We also explored the microflow morphology, size and distribution features of thyroid nodules on SMI but found limited values. Our results showed that 72.8% malignant nodules had tortuous microflows and 61.0% benign nodules had linear microflows (P < 0.001), similar to the results of some scholars [6, 13]. However, the interobserver agreement was too low for these features to be used clinically. This can be attributed to the ambiguous criteria for microflow morphology and the numerous tiny vessels observed on SMI. Some scholars found differences in microflow distribution on SMI between benign and malignant thyroid nodules, but the conclusions were variable or even contradictory. In the study of Zhang L et al. [24], 65% malignant nodules had predominantly central microvessels. Kong J et al. [23] found that intranodular vascularity on SMI including penetrating vessels was an independent risk factor for malignant thyroid nodules. Nevertheless, the results of Chambara et al. [25] demonstrated no disparity between predominantly peripheral vascularity and predominantly central vascularity in malignant nodules. Interestingly, Yongfeng Z et al. [19] believed predominantly peripheral vascularity was the ultrasound feature for malignant nodules. Our results showed the difference in microflow distribution between the benign and malignant groups was not statistically significant. We attributed this discrepancy to the different definitions for microflow distribution and the difficulty in assessing the distribution for nodules with rich microflows.

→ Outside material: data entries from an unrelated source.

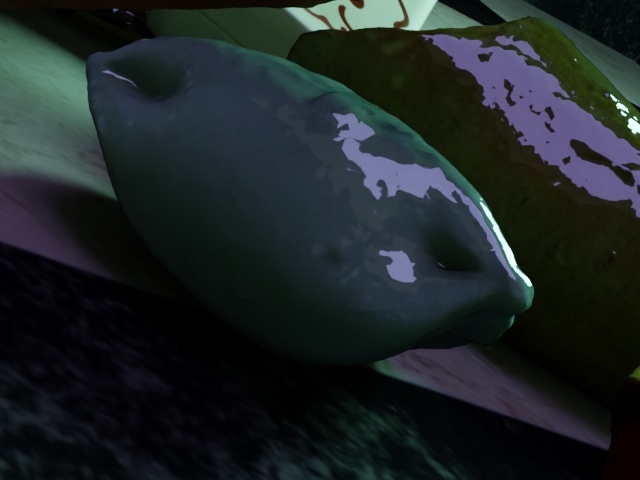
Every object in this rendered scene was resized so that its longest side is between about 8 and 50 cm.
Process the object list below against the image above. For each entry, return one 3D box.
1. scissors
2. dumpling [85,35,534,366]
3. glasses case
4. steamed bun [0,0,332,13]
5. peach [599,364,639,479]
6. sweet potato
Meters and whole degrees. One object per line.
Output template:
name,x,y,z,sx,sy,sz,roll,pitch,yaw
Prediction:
scissors,-0.171,-0.147,0.907,0.220,0.017,0.088,17,25,-42
dumpling,0.002,-0.011,0.631,0.217,0.104,0.149,28,13,30
glasses case,0.008,-0.186,1.048,0.144,0.076,0.336,38,33,-7
steamed bun,-0.119,-0.258,0.762,0.379,0.248,0.235,-2,32,-24
peach,0.163,0.100,0.502,0.154,0.158,0.267,1,3,5
sweet potato,0.145,0.004,0.814,0.370,0.158,0.158,43,17,14

Our study had some limitations. First, there was selection bias among patients. We included neither nodules with coarse calcification at the anterior or situated near the large arteries nor the patients who underwent fine needle aspiration without surgery or who only had follow-up data, which inevitably resulted in the loss of some benign nodules. Plus, the pathologic type in our study was relatively homogeneous since all the malignant thyroid nodules were papillary thyroid carcinomas. Moreover, the sample size of this study was not big enough and the research was based on a single center. Multi-center research is needed to explore the value of SMI in diagnosing thyroid nodules.

Conclusion

Microflow patterns on SMI aided in the differential diagnosis of thyroid nodules. The crab claw-like pattern and the root hair-like pattern were malignant ultrasound features for thyroid nodules. The wheel-like pattern and the arborescent pattern could help exclude the thyroid cancer.